Bulunduğu konum, yanında yer alan ve çoğunluğu el sanatları ürünleri satan dükkanları barındıran tarihi Kızlarağası Hanı ve hemen önündeki kahvehane ve restoranlar, İzmirlilerin ve turistlerin büyük bölümünün Hisar Camiine gitmesine neden olurken, camiyi gezmeyenlerin bile, önündeki kahvehanelerde alışveriş sonrası yorgunluk atmak için bir ‘’dibek kahvesi’’ içmişliği bulunuyor. Gazeteci, yazar ve İzmir tarihi araştırmacısı Yaşar Aksoy, yaptığı değerlendirmede, Hisar Camisinin yerinde 1400’lü yıllarda ‘’liman kalesi’’ adı verilen bir kalenin yer aldığını anlattı. Kalenin 1410 yılından sonra Orta Asya İmparatoru Timur tarafından yıkıldığını belirten Aksoy, kalenin yıkıntıları üzerinde 1597 yılında Aydınoğlu Yakup Bey tarafından Hisar Camisinin yaptırıldığını ifade etti. Caminin eskiden var olan bir kalenin temelleri üzerinde inşa edildiği için ‘’Hisar’’ ismini aldığını söyleyen Aksoy, caminin bugün İzmir’in en eski camii olma özelliğini taşıdığını kaydetti. Bir başka adı da Şadırvan Camisi olan Hisar Camisinin girişi, bugün nostaljik bir çarşı olan ve çoğunlukla tespihçilerin yer aldığı Hisarönü Çarşısına açılıyor.

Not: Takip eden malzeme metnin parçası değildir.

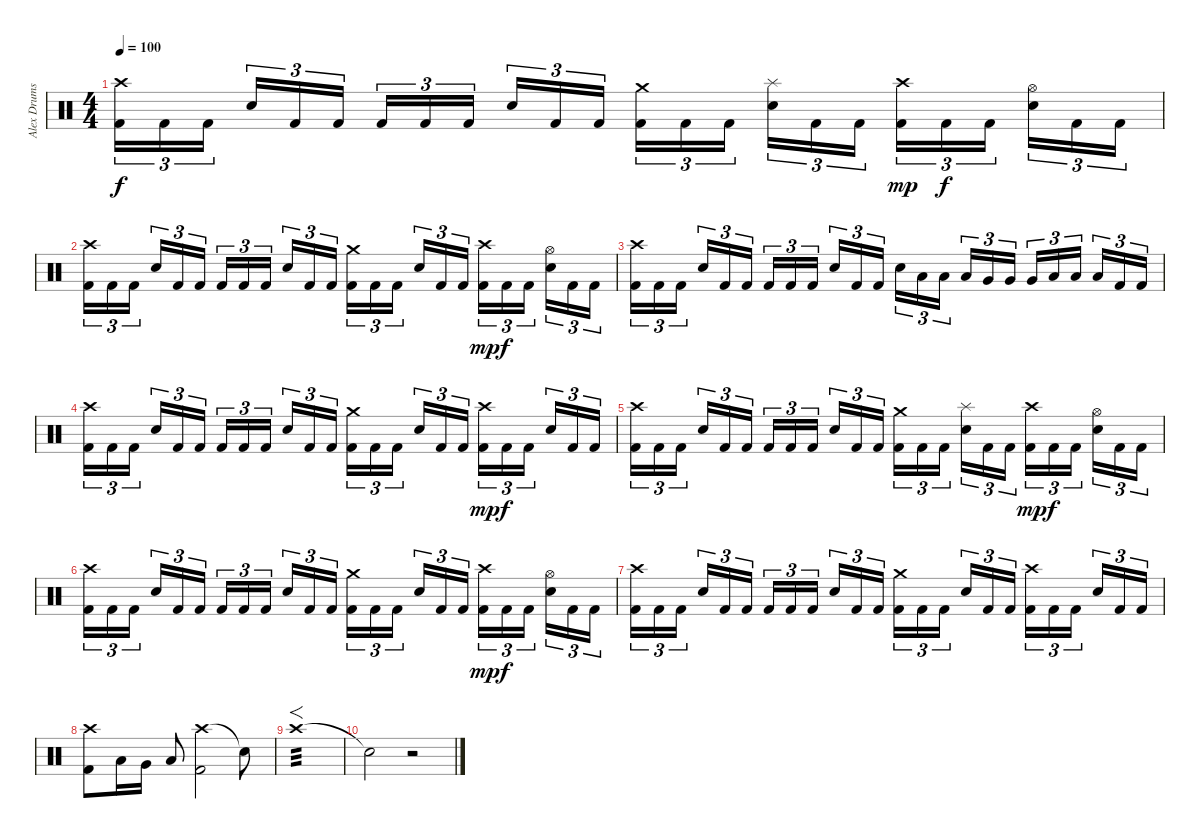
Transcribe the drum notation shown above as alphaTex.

Çay bahçeleri, restoranları da kapsayan çarşının yanı sıra, Hisar Camiinin yanında yer alan, 4 bin metrekarelik alana sahip Kızlarağası Hanı, bölgenin cazibesini bir kat daha artırıyor.Caminin yanında 1700’lü yıllarda inşa edilen iki katlı han bugün sahafların, el sanatları ürünü satan dükkanlarının bulunduğu tarihî bir çarşı olarak hizmet veriyor ve yabancı turistlerin uğrak noktaları arasında bulunuyor.
Çeşme Otelciler Birliği (ÇEŞTOB) Başkanı Veysi Öncel, İzmir’e gelen her dört turistten üçünün mutlaka Hisar Camiini ziyaret ettiğini belirtti. İzmir’in en görkemli yapılarından biri olan caminin 1813, 1868 ve 1881 depremlerinde hasar görse de yapılan onarımlara karşın ilk günkü özelliklerini ve mimarî yapısını koruyor. Ahşap minberi sedef kakmalı, mihrap ise yuvarlak bir niş şeklinde, içi 18 ve 19. yüzyılın kalem işleri ile bezeli Hisar Camisinin sütun başlıkları ve diğer süslemelerinin günümüze kadar bozulmadan geldiği belirtiliyor.
Caminin kesme taş üzerine yuvarlak gövdeli ve tek şerefeli minaresi bulunuyor.